### Aim of the task:
The answer should contain all of the data, retyped without any alteration.

### Stored items from a collection:
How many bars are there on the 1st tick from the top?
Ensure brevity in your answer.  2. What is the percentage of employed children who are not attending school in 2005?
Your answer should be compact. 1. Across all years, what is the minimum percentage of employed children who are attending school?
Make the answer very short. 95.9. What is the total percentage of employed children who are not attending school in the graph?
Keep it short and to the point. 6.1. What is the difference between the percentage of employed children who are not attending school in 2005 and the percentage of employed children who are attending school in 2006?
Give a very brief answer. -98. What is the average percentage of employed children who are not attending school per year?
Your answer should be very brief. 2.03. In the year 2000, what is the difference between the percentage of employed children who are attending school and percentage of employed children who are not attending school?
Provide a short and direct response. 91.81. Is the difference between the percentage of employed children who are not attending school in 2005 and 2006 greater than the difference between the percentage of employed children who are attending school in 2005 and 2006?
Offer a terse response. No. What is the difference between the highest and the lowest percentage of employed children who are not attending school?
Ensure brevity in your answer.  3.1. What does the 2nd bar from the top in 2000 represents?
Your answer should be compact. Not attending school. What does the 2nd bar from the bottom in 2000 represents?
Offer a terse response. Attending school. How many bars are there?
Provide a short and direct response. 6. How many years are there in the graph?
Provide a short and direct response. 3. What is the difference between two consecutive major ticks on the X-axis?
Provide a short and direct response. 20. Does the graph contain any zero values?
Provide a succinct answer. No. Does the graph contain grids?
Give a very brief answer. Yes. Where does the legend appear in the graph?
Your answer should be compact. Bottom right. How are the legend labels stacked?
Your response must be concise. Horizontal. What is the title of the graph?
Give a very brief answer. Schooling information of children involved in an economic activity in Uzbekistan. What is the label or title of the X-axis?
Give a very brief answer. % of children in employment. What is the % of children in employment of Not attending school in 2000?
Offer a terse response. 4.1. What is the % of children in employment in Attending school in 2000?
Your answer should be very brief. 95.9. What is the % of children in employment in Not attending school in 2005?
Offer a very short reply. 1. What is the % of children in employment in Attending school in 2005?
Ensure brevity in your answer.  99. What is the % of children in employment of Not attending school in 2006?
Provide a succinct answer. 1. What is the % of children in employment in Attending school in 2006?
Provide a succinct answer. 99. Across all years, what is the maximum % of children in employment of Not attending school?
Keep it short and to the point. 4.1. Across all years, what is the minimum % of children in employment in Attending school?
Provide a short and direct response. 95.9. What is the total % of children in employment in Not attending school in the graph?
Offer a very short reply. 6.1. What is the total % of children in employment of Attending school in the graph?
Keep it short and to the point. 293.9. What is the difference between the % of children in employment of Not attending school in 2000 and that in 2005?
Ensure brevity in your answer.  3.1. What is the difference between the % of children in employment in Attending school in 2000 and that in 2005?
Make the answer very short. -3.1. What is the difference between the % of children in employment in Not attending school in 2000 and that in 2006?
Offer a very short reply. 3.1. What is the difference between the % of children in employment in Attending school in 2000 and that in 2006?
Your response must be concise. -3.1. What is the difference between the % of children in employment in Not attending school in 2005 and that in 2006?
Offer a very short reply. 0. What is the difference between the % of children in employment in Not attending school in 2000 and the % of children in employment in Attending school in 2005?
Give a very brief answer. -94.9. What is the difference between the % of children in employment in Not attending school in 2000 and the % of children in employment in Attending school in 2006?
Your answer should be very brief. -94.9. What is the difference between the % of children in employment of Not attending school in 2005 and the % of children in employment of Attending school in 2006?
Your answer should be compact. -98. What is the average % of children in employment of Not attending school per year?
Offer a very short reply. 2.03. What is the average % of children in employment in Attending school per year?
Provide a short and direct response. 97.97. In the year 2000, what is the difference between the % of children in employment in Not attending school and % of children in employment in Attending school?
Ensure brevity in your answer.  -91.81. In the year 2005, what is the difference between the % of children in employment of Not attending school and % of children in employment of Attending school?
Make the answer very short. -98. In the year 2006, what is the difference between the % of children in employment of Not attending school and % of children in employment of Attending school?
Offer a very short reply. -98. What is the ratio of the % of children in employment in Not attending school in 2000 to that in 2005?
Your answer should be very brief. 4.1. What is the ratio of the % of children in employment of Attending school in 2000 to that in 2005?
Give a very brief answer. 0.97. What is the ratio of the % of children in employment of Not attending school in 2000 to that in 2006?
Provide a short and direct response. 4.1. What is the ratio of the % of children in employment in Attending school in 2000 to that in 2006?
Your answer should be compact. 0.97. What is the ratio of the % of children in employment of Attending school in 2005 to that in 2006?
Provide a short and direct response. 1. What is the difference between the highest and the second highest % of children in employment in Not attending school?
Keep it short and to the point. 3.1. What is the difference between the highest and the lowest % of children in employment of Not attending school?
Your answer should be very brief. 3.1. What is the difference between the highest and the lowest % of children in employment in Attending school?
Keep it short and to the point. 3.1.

### Your solution:
How many bars are there on the 1st tick from the top?
Ensure brevity in your answer.  2. What is the percentage of employed children who are not attending school in 2005?
Your answer should be compact. 1. Across all years, what is the minimum percentage of employed children who are attending school?
Make the answer very short. 95.9. What is the total percentage of employed children who are not attending school in the graph?
Keep it short and to the point. 6.1. What is the difference between the percentage of employed children who are not attending school in 2005 and the percentage of employed children who are attending school in 2006?
Give a very brief answer. -98. What is the average percentage of employed children who are not attending school per year?
Your answer should be very brief. 2.03. In the year 2000, what is the difference between the percentage of employed children who are attending school and percentage of employed children who are not attending school?
Provide a short and direct response. 91.81. Is the difference between the percentage of employed children who are not attending school in 2005 and 2006 greater than the difference between the percentage of employed children who are attending school in 2005 and 2006?
Offer a terse response. No. What is the difference between the highest and the lowest percentage of employed children who are not attending school?
Ensure brevity in your answer.  3.1. What does the 2nd bar from the top in 2000 represents?
Your answer should be compact. Not attending school. What does the 2nd bar from the bottom in 2000 represents?
Offer a terse response. Attending school. How many bars are there?
Provide a short and direct response. 6. How many years are there in the graph?
Provide a short and direct response. 3. What is the difference between two consecutive major ticks on the X-axis?
Provide a short and direct response. 20. Does the graph contain any zero values?
Provide a succinct answer. No. Does the graph contain grids?
Give a very brief answer. Yes. Where does the legend appear in the graph?
Your answer should be compact. Bottom right. How are the legend labels stacked?
Your response must be concise. Horizontal. What is the title of the graph?
Give a very brief answer. Schooling information of children involved in an economic activity in Uzbekistan. What is the label or title of the X-axis?
Give a very brief answer. % of children in employment. What is the % of children in employment of Not attending school in 2000?
Offer a terse response. 4.1. What is the % of children in employment in Attending school in 2000?
Your answer should be very brief. 95.9. What is the % of children in employment in Not attending school in 2005?
Offer a very short reply. 1. What is the % of children in employment in Attending school in 2005?
Ensure brevity in your answer.  99. What is the % of children in employment of Not attending school in 2006?
Provide a succinct answer. 1. What is the % of children in employment in Attending school in 2006?
Provide a succinct answer. 99. Across all years, what is the maximum % of children in employment of Not attending school?
Keep it short and to the point. 4.1. Across all years, what is the minimum % of children in employment in Attending school?
Provide a short and direct response. 95.9. What is the total % of children in employment in Not attending school in the graph?
Offer a very short reply. 6.1. What is the total % of children in employment of Attending school in the graph?
Keep it short and to the point. 293.9. What is the difference between the % of children in employment of Not attending school in 2000 and that in 2005?
Ensure brevity in your answer.  3.1. What is the difference between the % of children in employment in Attending school in 2000 and that in 2005?
Make the answer very short. -3.1. What is the difference between the % of children in employment in Not attending school in 2000 and that in 2006?
Offer a very short reply. 3.1. What is the difference between the % of children in employment in Attending school in 2000 and that in 2006?
Your response must be concise. -3.1. What is the difference between the % of children in employment in Not attending school in 2005 and that in 2006?
Offer a very short reply. 0. What is the difference between the % of children in employment in Not attending school in 2000 and the % of children in employment in Attending school in 2005?
Give a very brief answer. -94.9. What is the difference between the % of children in employment in Not attending school in 2000 and the % of children in employment in Attending school in 2006?
Your answer should be very brief. -94.9. What is the difference between the % of children in employment of Not attending school in 2005 and the % of children in employment of Attending school in 2006?
Your answer should be compact. -98. What is the average % of children in employment of Not attending school per year?
Offer a very short reply. 2.03. What is the average % of children in employment in Attending school per year?
Provide a short and direct response. 97.97. In the year 2000, what is the difference between the % of children in employment in Not attending school and % of children in employment in Attending school?
Ensure brevity in your answer.  -91.81. In the year 2005, what is the difference between the % of children in employment of Not attending school and % of children in employment of Attending school?
Make the answer very short. -98. In the year 2006, what is the difference between the % of children in employment of Not attending school and % of children in employment of Attending school?
Offer a very short reply. -98. What is the ratio of the % of children in employment in Not attending school in 2000 to that in 2005?
Your answer should be very brief. 4.1. What is the ratio of the % of children in employment of Attending school in 2000 to that in 2005?
Give a very brief answer. 0.97. What is the ratio of the % of children in employment of Not attending school in 2000 to that in 2006?
Provide a short and direct response. 4.1. What is the ratio of the % of children in employment in Attending school in 2000 to that in 2006?
Your answer should be compact. 0.97. What is the ratio of the % of children in employment of Attending school in 2005 to that in 2006?
Provide a short and direct response. 1. What is the difference between the highest and the second highest % of children in employment in Not attending school?
Keep it short and to the point. 3.1. What is the difference between the highest and the lowest % of children in employment of Not attending school?
Your answer should be very brief. 3.1. What is the difference between the highest and the lowest % of children in employment in Attending school?
Keep it short and to the point. 3.1.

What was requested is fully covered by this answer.